When King awoke from his coma eight days later in Maryland, he said he saw his mother, his wife and a nurse.

“They explained to me that over the last eight days, the docs had almost lost me twice,” King said. “The first time they were losing me, they had to amputate one of the legs. And since that didn’t work, they had to take the other one. And during that time when she was explaining it to me, it was almost like I did not believe it happened.”

King said he experienced phantom pains which made him perceive feeling in his limbs even though they were no longer there. King said he had to grieve for the person he was before losing his legs.

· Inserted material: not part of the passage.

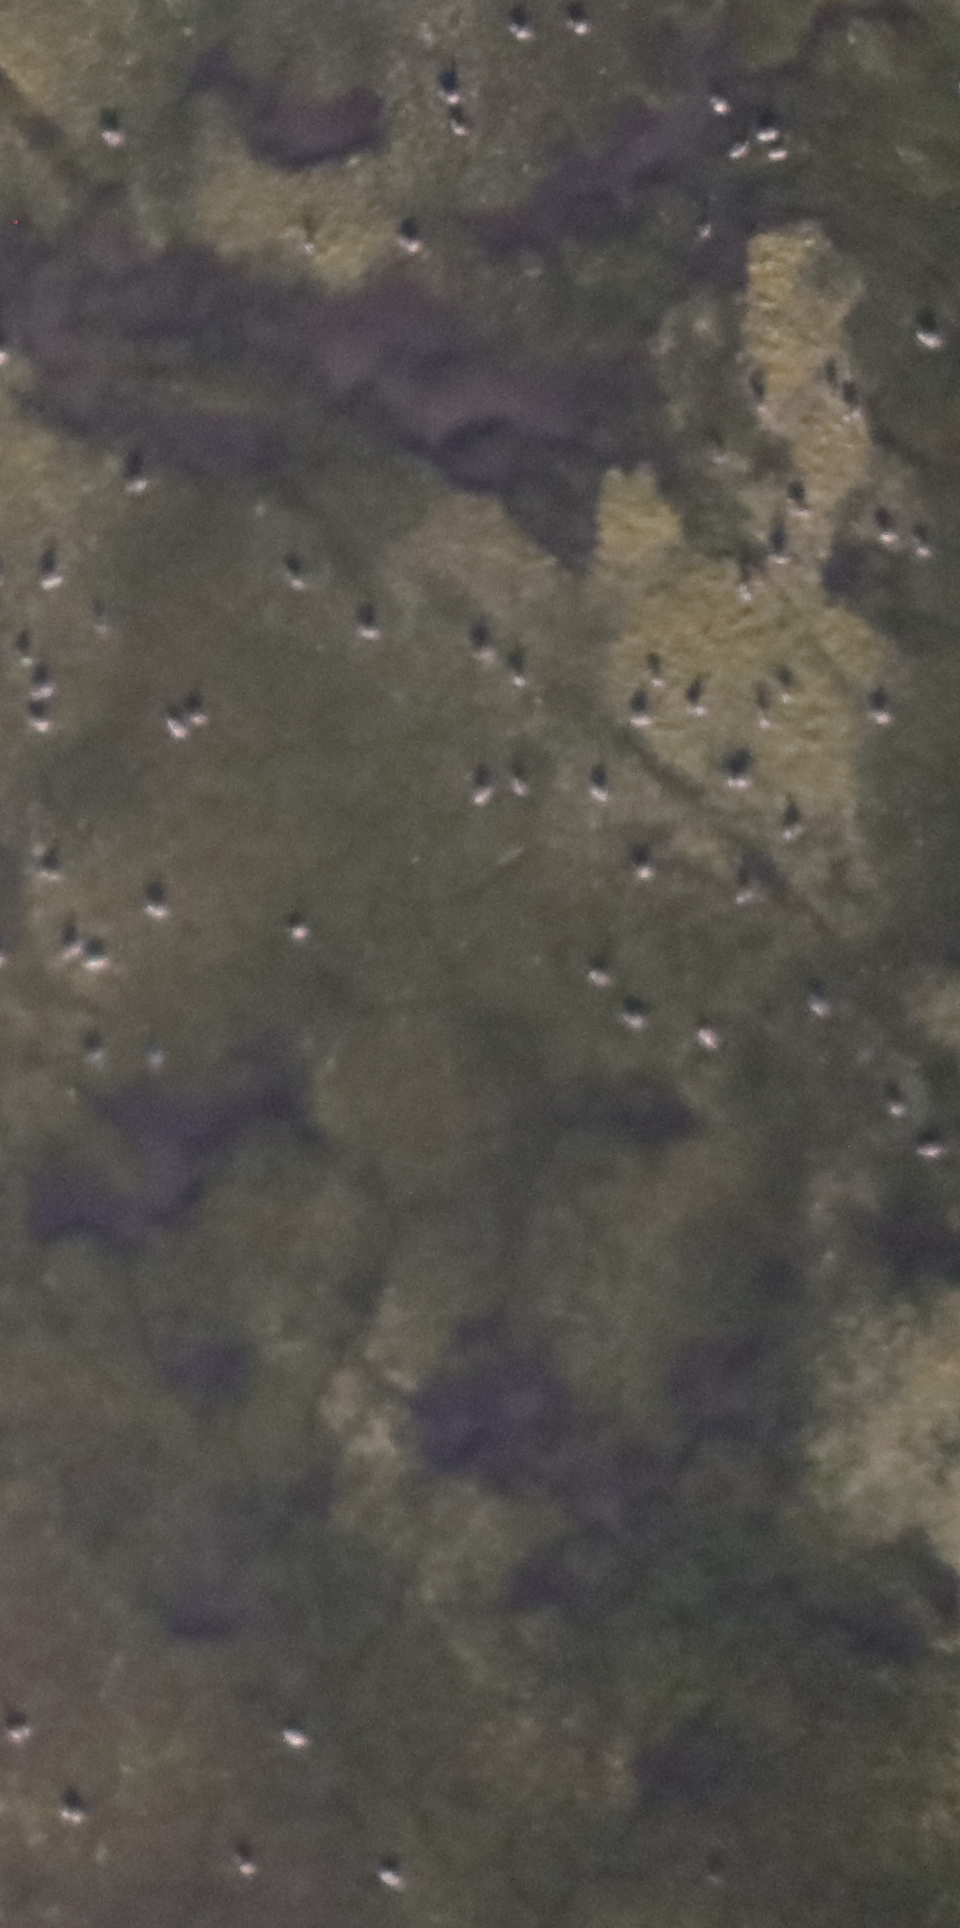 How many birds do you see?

63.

“All my life, my identity was tied up into what I did,” he said. “I’m a United States Army Ranger. I’m a combat warrior. I thought that what I did was who I was. Life was giving me the unique opportunity to understand that that is totally false.”

King said we often think the things we do should balance the outcomes we experience in our lives, but good and bad happen in all our lives.

“It can no longer be about you,” King said. “It can no longer be about your pain, about your anguish. It has to be totally focused on your betterment.”

King said he finally found answers when he tried to interpret how his challenges were a blessing.

Four year ago, the Olympics were in London and King was in a hospital bed. That’s when he first witnessed fellow amputee, Oscar Pistorius, running amongst able-bodied men.

King said he knew he could exceed expectations like the man he’d seen on television, but his doctor was skeptical.

“For so long I sat there discouraged, not believing what my heart had already told me,” King said.

He said one of the best lessons that he’s learned over the past four years of recovery is to follow your heart, not your head.

King needed to relearn how to walk. After learning to walk with two railings for support, his therapist knew it was time to let go.

King said his therapist knew that to succeed, he had to make King uncomfortable. He said he fell after trying to take a step, but his therapist thought he was doing great.

“He said, ‘Walking isn’t the lesson today. The lesson today is being OK with falling,’” King said. “And more than being OK with falling, it’s getting back up.”

King competed in the Boston Marathon 21 months after his injury. He has also completed a half Ironman Triathlon, the 2014 New York City Marathon and the 48.6 mile Disney Marathon series, according to King’s website.

King said to learn how to live an awesome life, you’ve got to be OK with falling.

“You’ve got to be OK with looking like a fool,” he said. “You’re going to have to believe in something inside of you that you can’t see; you’re going to have to believe in something you can’t bank on. And that’s where true life happens.

“This is the curriculum of life; the test that we all go through. Continue to keep moving forward in spite of the challenges. Continue to move forward with a smile and a song in your heart. Continue to move forward no matter what the challenges are, and soon, you will be out of the sharpener. Soon, you’ll be past the obstacle. And soon, you’ll be happy that you went through it.”